Lastly, we conducted a series of sensitivity analyses. To assess the completeness of data, we required patients to have at least one confirmed clinical activity between 30 and 90 days post-index date. We also applied a grace period of 90 days to assign patients to first-line maintenance therapy or active surveillance groups and restricted the analysis to patients whose index date was on or after January 1, 2017, to align with PARP inhibitor commercial availability. All analyses were performed using SAS® 9.4 (SAS Institute Inc., Cary, NC).
Study Ethics
This study complied with all applicable laws regarding patient privacy. Institutional review board approval of the study protocol was obtained before study conduct and included a waiver of informed consent.
Results
Participants
In total, 1920 patients with advanced ovarian cancer diagnosed between January 1, 2011 and February 28, 2021 and who met all eligibility criteria were included in the analysis (Fig. 1). Of these, 426 patients (22.2%) received maintenance therapy within 120 days of completing first-line treatment and were placed into the maintenance therapy cohort; 1494 patients (77.8%) did not receive maintenance therapy and were placed in the active surveillance cohort. Among the patients who received first-line maintenance therapy, 43.7% received bevacizumab-containing regimens, 35.0% received a PARP inhibitor, 5.4% received bevacizumab plus PARP inhibitor combination therapy, and 16.0% of patients received other agents. Focusing on PARP inhibitors, 13.1% (56/426) in the maintenance therapy cohort received niraparib monotherapy, 18.1% (77/426) received olaparib monotherapy, and 1.6% (7/426) received rucaparib monotherapy.

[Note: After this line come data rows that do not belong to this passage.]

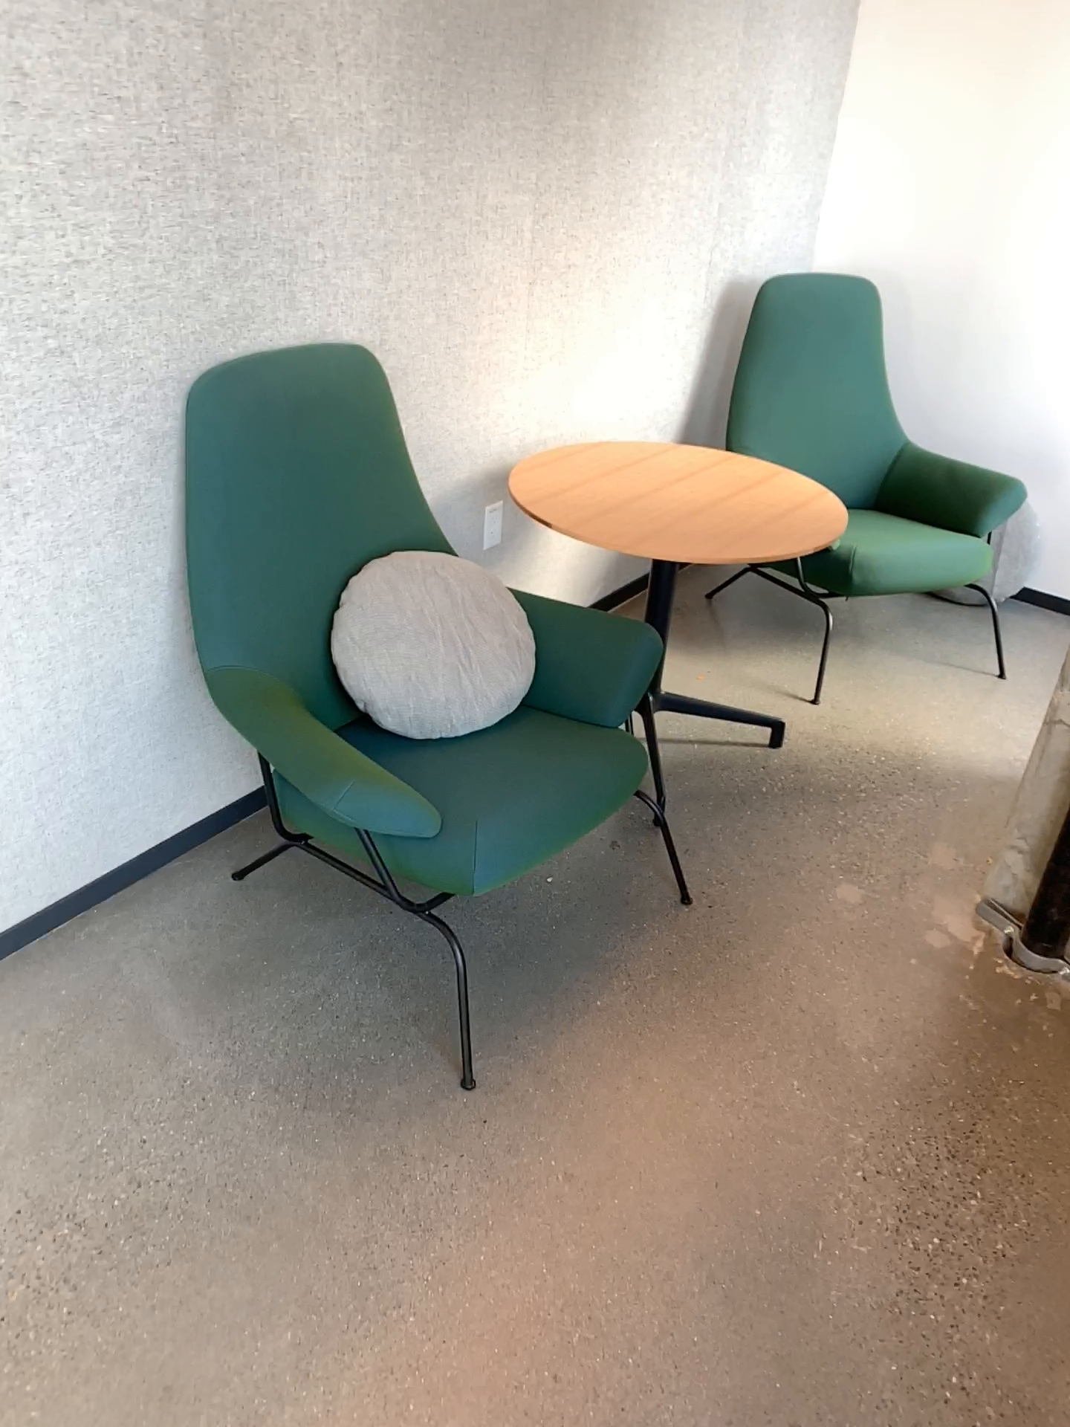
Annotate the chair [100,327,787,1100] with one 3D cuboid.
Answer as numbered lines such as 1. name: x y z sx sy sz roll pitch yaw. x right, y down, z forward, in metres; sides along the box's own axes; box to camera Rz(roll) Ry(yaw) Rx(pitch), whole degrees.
1. chair: -0.170 -0.083 2.005 0.843 0.994 0.722 25 36 33

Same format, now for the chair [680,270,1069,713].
1. chair: 0.943 -0.664 3.128 0.650 1.014 0.755 -7 31 -20
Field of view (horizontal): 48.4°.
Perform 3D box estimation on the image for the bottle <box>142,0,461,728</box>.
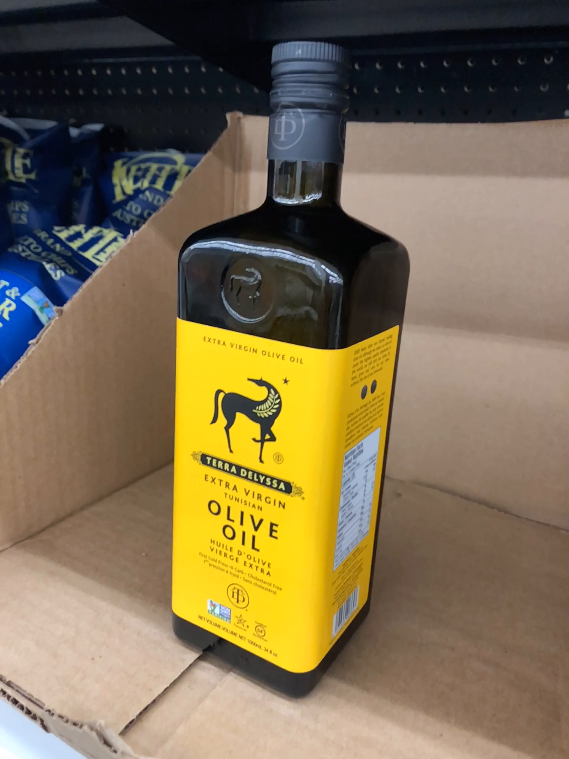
[{"bbox_3d":[0.006,-0.004,0.292,0.090,0.288,0.090,2,19,-1],"label":"bottle"}]
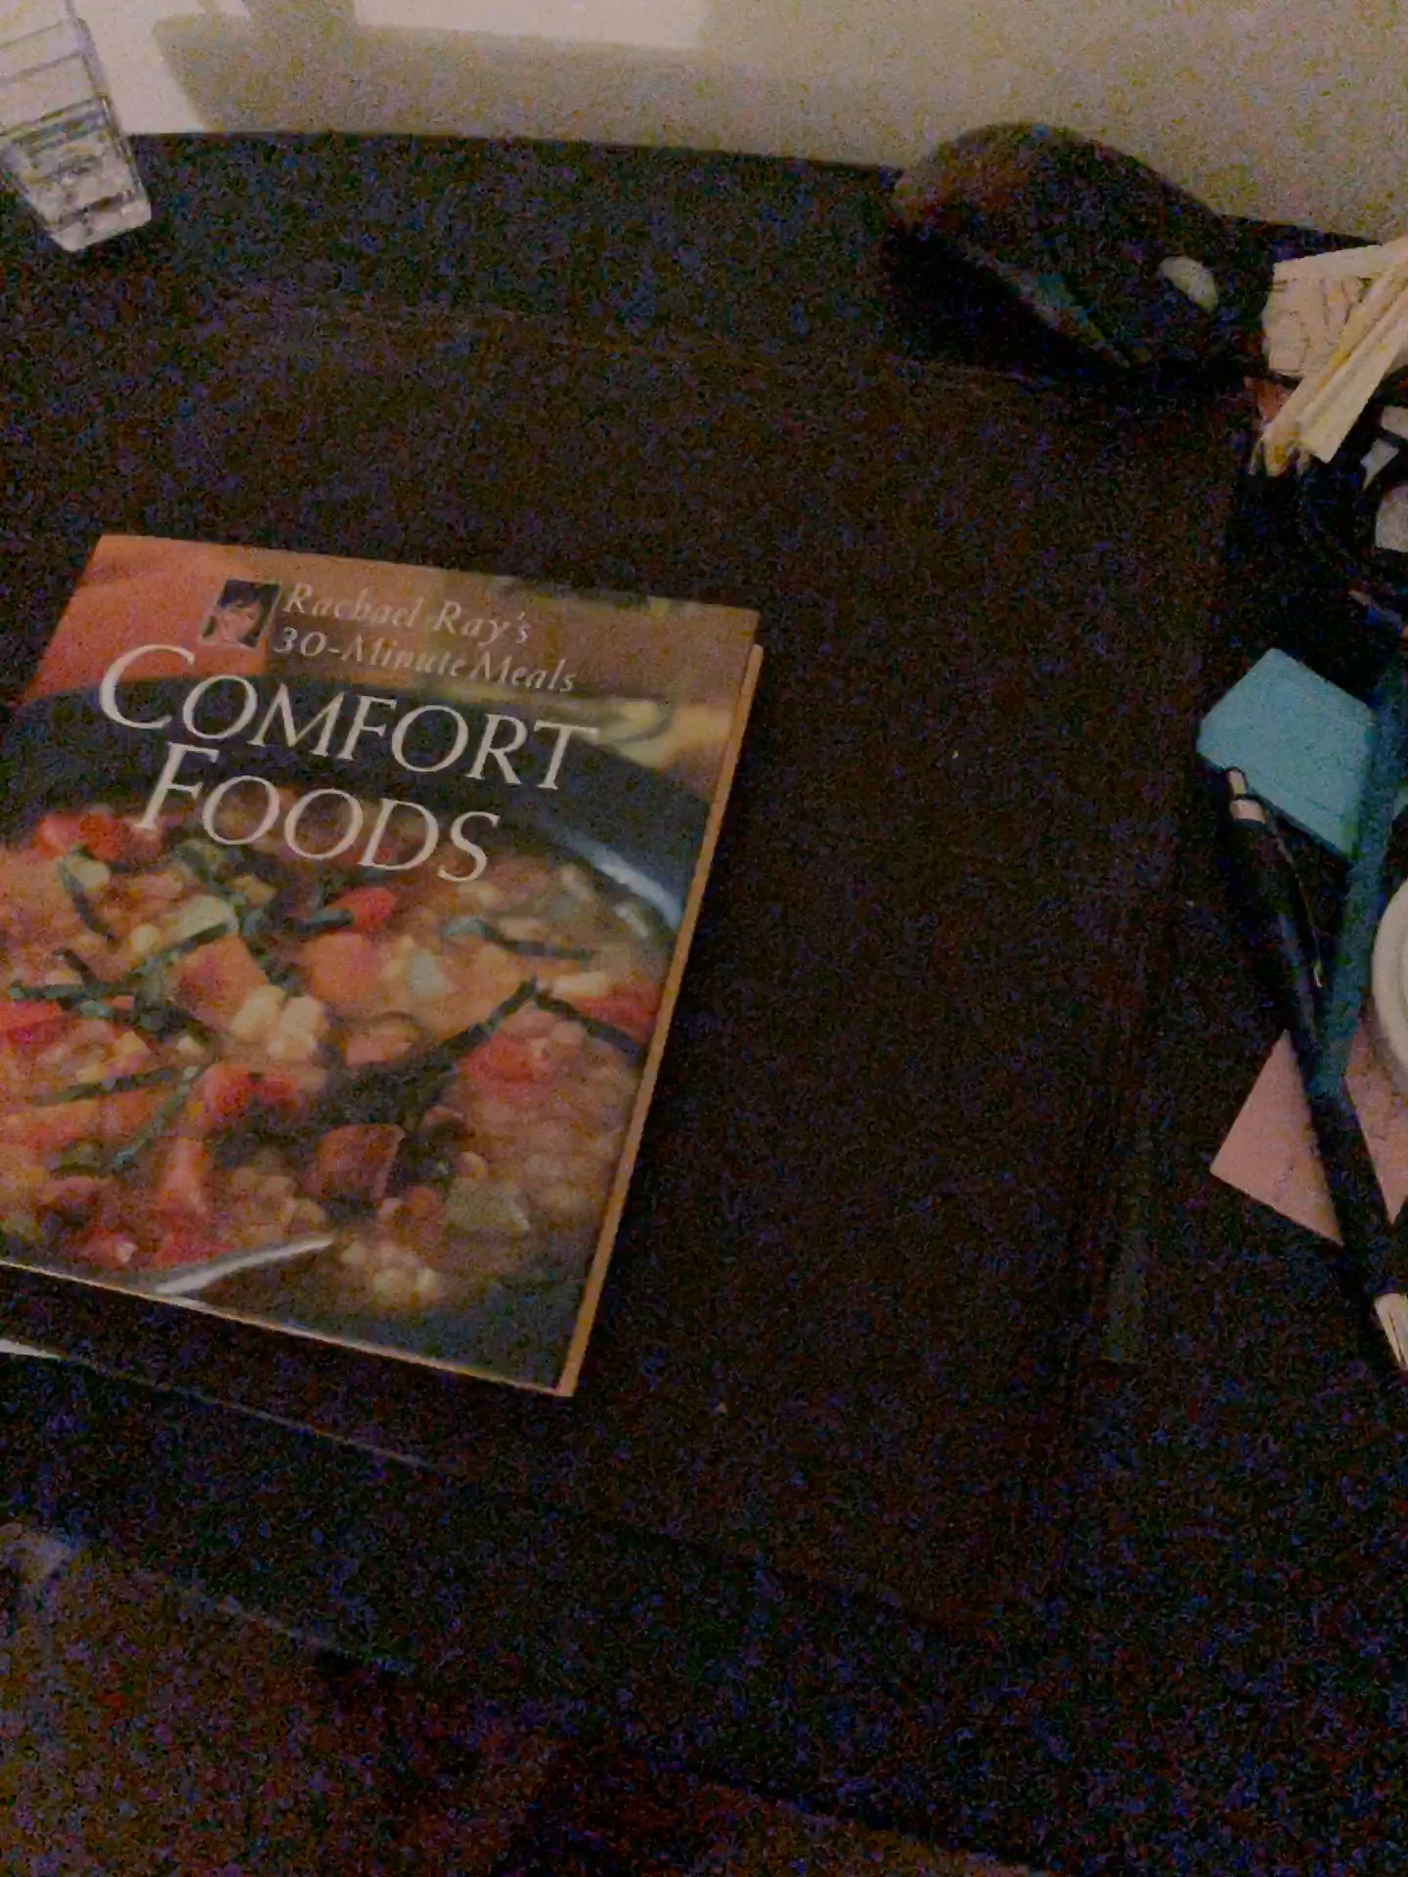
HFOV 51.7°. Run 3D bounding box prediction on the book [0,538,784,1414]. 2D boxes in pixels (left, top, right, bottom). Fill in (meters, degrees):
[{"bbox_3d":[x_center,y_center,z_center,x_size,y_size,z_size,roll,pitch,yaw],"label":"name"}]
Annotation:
[{"bbox_3d":[-0.099,-0.006,0.365,0.200,0.020,0.200,9,66,13],"label":"book"}]
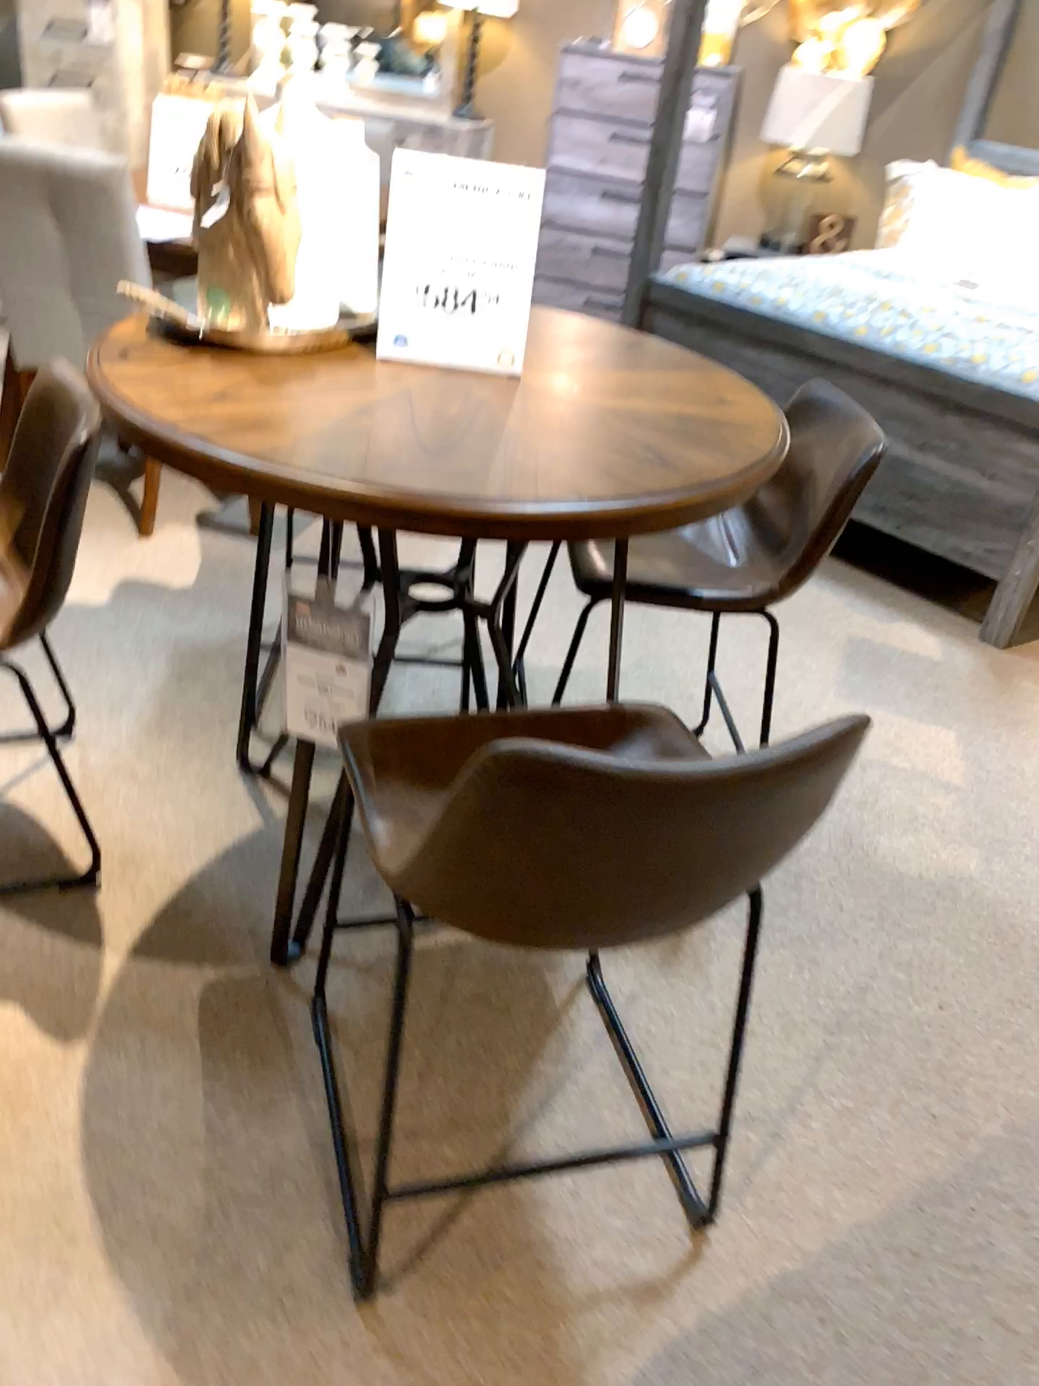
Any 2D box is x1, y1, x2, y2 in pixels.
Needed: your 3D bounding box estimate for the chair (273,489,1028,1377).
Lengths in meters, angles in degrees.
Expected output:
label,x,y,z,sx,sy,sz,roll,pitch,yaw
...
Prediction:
label,x,y,z,sx,sy,sz,roll,pitch,yaw
chair,0.032,0.249,1.286,0.600,0.806,0.583,-3,34,-17
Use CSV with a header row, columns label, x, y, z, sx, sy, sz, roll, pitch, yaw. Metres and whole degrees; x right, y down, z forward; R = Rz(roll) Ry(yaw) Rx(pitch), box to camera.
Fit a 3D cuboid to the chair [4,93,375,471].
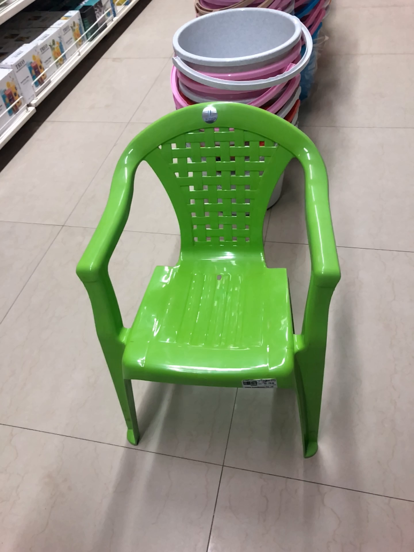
label,x,y,z,sx,sy,sz,roll,pitch,yaw
chair,0.018,0.037,0.723,0.360,0.517,0.312,2,48,10
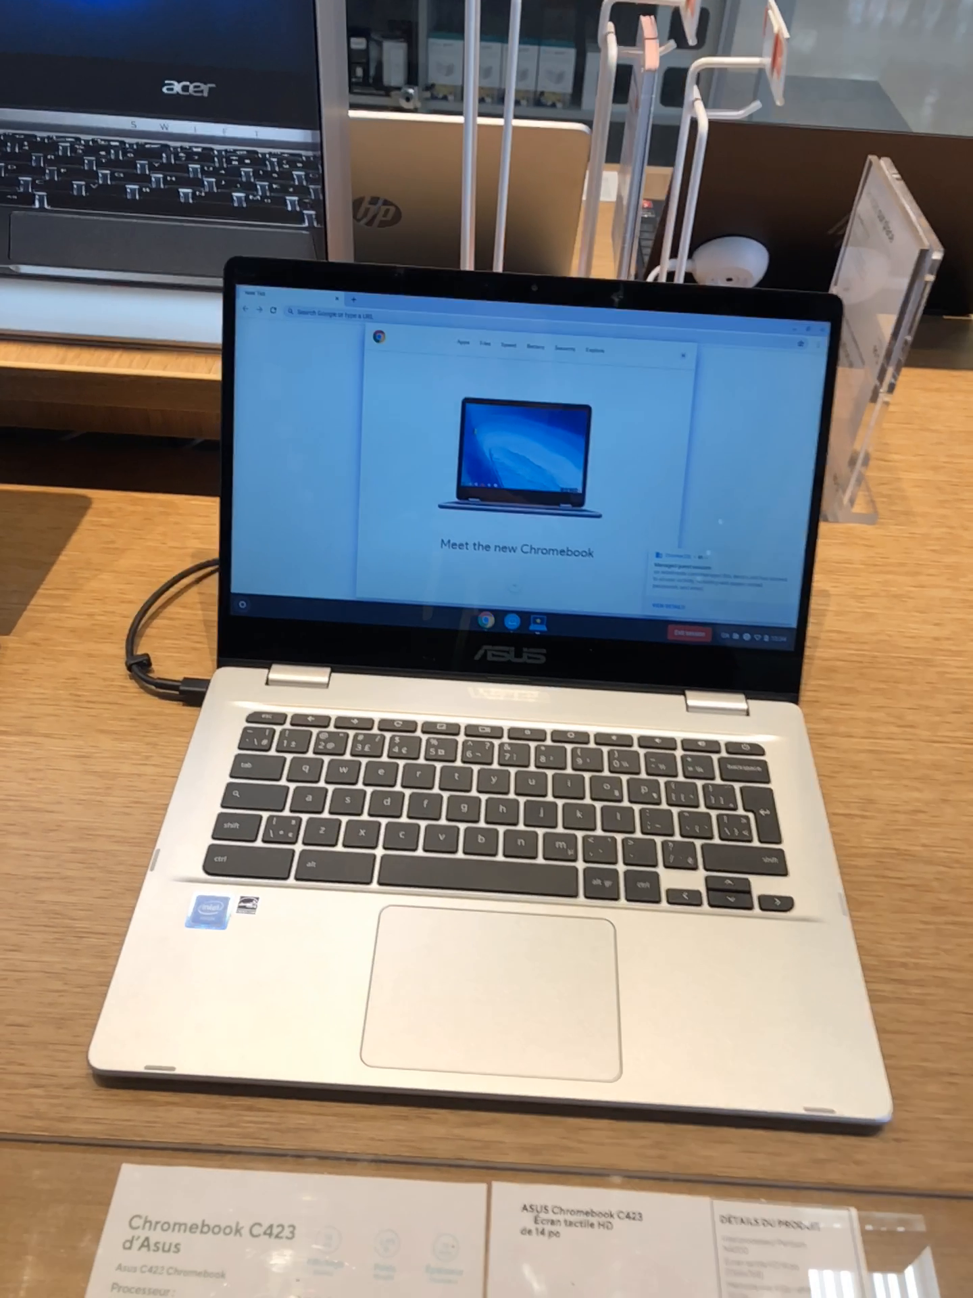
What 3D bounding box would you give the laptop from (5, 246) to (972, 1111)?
[{"bbox_3d":[0.008,-0.010,0.473,0.281,0.186,0.337,3,42,-3],"label":"laptop"}]

Patient attrition chart for the selection of patients with advanced ovarian cancer who received first-line platinum-based chemotherapy prior to cloning and IPC weighting. aPatients who underwent debulking surgery and were missing either the surgical date or postoperative residual disease status were excluded. bPatients with incomplete medical history within 90 days of diagnosis or debulking surgery (no visit or non-cancelled medication order within 90 days of diagnosis or debulking surgery) were excluded. cPatients who received maintenance treatment within 120 days of the end of first-line therapy (index date). dPatients who did not receive maintenance treatment within 120 days of the end of first-line therapy (index date). 1L, first-line; 2L, second-line; IPC, inverse probability of censoring; PARP, poly(ADP-ribose) polymerase
Overall, the majority of patients originated from a community practice (1685/1920, 87.8%). Demographic characteristics at index were generally similar across the maintenance therapy and active surveillance cohorts prior to cloning and IPC weighting (Table 1). However, the proportion of patients who had stage IV disease at diagnosis (40.4% and 31.7%), BRCAm disease (19.5% and 11.2%), ECOG performance status 0–1 (76.1% and 66.4%), and originated from a community practice (93.2% and 86.2%) was larger in the maintenance therapy cohort than in the active surveillance cohort.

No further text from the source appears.